Castle. Collage manual y digital de Thanna para Literariedad.
Angélica Rodríguez Vargas escribe para la edición de diciembre de Literariedad esta reseña sobre Festen, película de Thomas Vinterberg inscrita en el manifiesto Dogma 95. Cuestiona nuestro papel como espectadores, y el papel mismo del cine y de la literatura, al estar frente a un filme tan perturbador como este donde, en medio del primer brindis de celebración de su cumpleaños, un padre de familia es sorprendido por su hijo mayor que confiesa ante toda la familia que este «abusaba sexualmente de él y de su hermana melliza, quien se suicidó hace pocos años en ese mismo lugar». El cine, nos dice la autora, no siempre nos ayuda a escapar de la realidad.
Por: Angélica Rodríguez Vargas
Arte: Thanna
Los espectadores de cine son vampiros silenciosos.
Jim Morrison
Festen (1998), traducida al español como Celebración, es una pesadilla. Empieza como la mayoría de películas de terror de clase B en las que los personajes ansiosos, y un poco deprimidos, están dispuestos a entregarse a todos los excesos para disfrutar un paseo o una fiesta que promete interesantes escenas de sexo, alcohol y drogas para liberarse de la realidad. El espectador, sobrio y en piyama, sabe que algo horrible les va a suceder por comportarse mal y se acomoda, seducido, en la silla del sofá o entre sus cobijas calientes como cuando escucha la fiesta del vecino, dispuesto a llamar a la policía apenas empiece a subirse el volumen de la música y comiencen los gritos de agitación, rabia o placer; no sin antes imaginarse las crudas y deliciosas escenas en cámara lenta, pernoctándose o masturbándose, según lo dictamine su moral.

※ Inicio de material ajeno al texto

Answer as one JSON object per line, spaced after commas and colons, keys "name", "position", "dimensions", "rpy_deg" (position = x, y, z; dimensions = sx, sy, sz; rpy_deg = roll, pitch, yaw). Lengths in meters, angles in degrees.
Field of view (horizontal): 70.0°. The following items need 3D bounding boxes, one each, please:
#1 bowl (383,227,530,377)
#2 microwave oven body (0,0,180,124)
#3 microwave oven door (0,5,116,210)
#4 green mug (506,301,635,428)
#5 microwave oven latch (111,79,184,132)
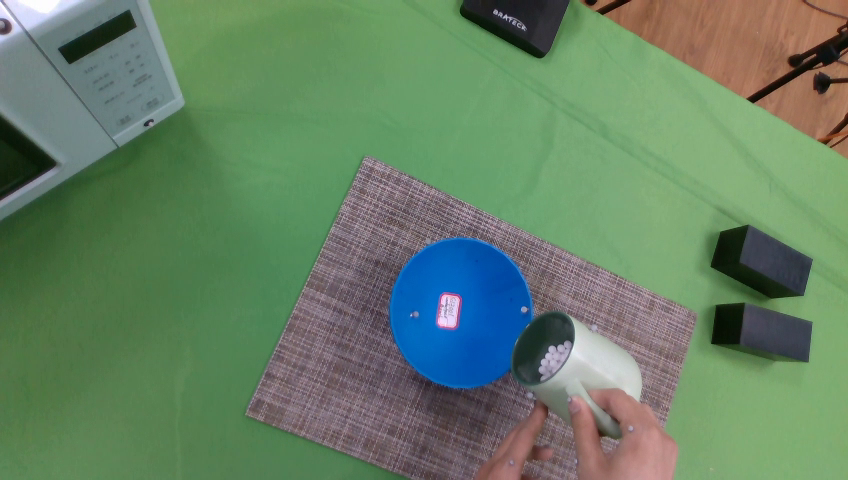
{"name": "bowl", "position": [0.026, 0.066, 0.636], "dimensions": [0.152, 0.077, 0.151], "rpy_deg": [2, 82, -14]}
{"name": "microwave oven body", "position": [-0.475, -0.164, 0.441], "dimensions": [0.441, 0.260, 0.326], "rpy_deg": [-38, 93, -15]}
{"name": "microwave oven door", "position": [-0.417, -0.024, 0.432], "dimensions": [0.355, 0.243, 0.039], "rpy_deg": [-38, 92, -16]}
{"name": "green mug", "position": [0.146, 0.126, 0.576], "dimensions": [0.106, 0.124, 0.092], "rpy_deg": [38, 103, -27]}
{"name": "microwave oven latch", "position": [-0.274, -0.139, 0.590], "dimensions": [0.079, 0.029, 0.030], "rpy_deg": [-37, 93, -15]}
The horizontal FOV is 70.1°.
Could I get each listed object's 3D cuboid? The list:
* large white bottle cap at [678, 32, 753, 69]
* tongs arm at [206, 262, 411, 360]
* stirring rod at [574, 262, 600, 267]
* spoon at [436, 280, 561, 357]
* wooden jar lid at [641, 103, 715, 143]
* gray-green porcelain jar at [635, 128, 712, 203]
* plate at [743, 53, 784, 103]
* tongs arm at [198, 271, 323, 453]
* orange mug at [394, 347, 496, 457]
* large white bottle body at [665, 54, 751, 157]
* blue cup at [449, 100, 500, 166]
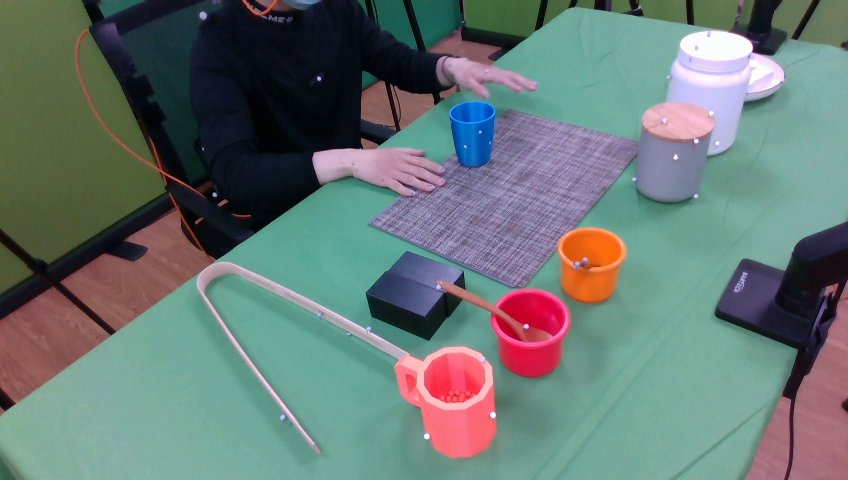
[{"bbox_3d":[0.491,-0.321,1.021,0.115,0.018,0.114,-4,41,4],"label":"large white bottle cap"},{"bbox_3d":[-0.179,0.106,0.870,0.381,0.026,0.051,23,54,32],"label":"tongs arm"},{"bbox_3d":[0.222,0.033,0.817,0.014,0.006,0.177,7,0,22],"label":"stirring rod"},{"bbox_3d":[0.096,0.095,0.758,0.195,0.021,0.041,34,40,-20],"label":"spoon"},{"bbox_3d":[0.398,-0.180,0.952,0.108,0.021,0.108,-4,43,4],"label":"wooden jar lid"},{"bbox_3d":[0.404,-0.133,0.992,0.106,0.127,0.105,-4,40,4],"label":"gray-green porcelain jar"},{"bbox_3d":[0.631,-0.336,1.262,0.207,0.039,0.206,-4,41,4],"label":"plate"},{"bbox_3d":[-0.236,0.153,0.830,0.028,0.028,0.384,-36,48,-18],"label":"tongs arm"},{"bbox_3d":[0.024,0.181,0.703,0.125,0.101,0.083,20,48,23],"label":"orange mug"},{"bbox_3d":[0.500,-0.257,1.076,0.130,0.185,0.130,-4,41,4],"label":"large white bottle body"},{"bbox_3d":[0.092,-0.194,1.123,0.092,0.100,0.092,-3,39,3],"label":"blue cup"}]
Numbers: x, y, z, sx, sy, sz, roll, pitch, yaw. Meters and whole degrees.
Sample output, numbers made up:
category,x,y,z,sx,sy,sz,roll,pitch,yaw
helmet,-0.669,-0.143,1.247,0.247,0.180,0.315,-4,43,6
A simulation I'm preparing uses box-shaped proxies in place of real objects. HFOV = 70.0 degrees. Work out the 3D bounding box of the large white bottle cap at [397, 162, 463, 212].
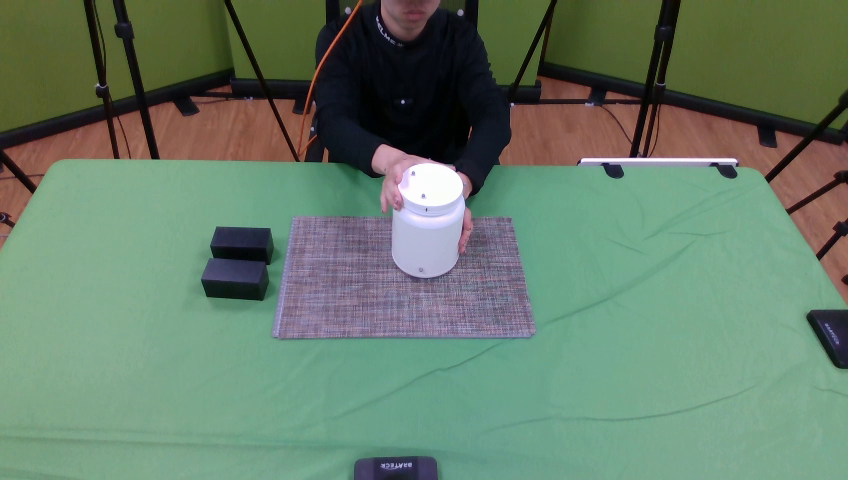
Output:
category,x,y,z,sx,sy,sz,roll,pitch,yaw
large white bottle cap,0.010,-0.094,1.052,0.115,0.018,0.114,2,46,-2

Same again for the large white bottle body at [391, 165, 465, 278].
category,x,y,z,sx,sy,sz,roll,pitch,yaw
large white bottle body,0.006,-0.035,1.112,0.131,0.185,0.130,3,47,-3

Como sucede en todas las películas que tienen un inicio feliz, y al igual que el vecino insomne y empiyamado, intuimos que las cosas se van a poner feas. Experimentamos una mezcla de excitación, temor y angustia semejante a la que nos acompaña en época de fiestas. En esta ocasión, sin embargo, no se trata de un grupo de adolescentes promiscuos ni de vecinos alocados ni de nosotros mismos apoderándonos de una botella de Chivas Regal en vísperas de Navidad, sino de una familia danesa de clase alta que se reúne para celebrar los 60 años de un padre burgués, perteneciente a la masonería, en su mansión opulenta.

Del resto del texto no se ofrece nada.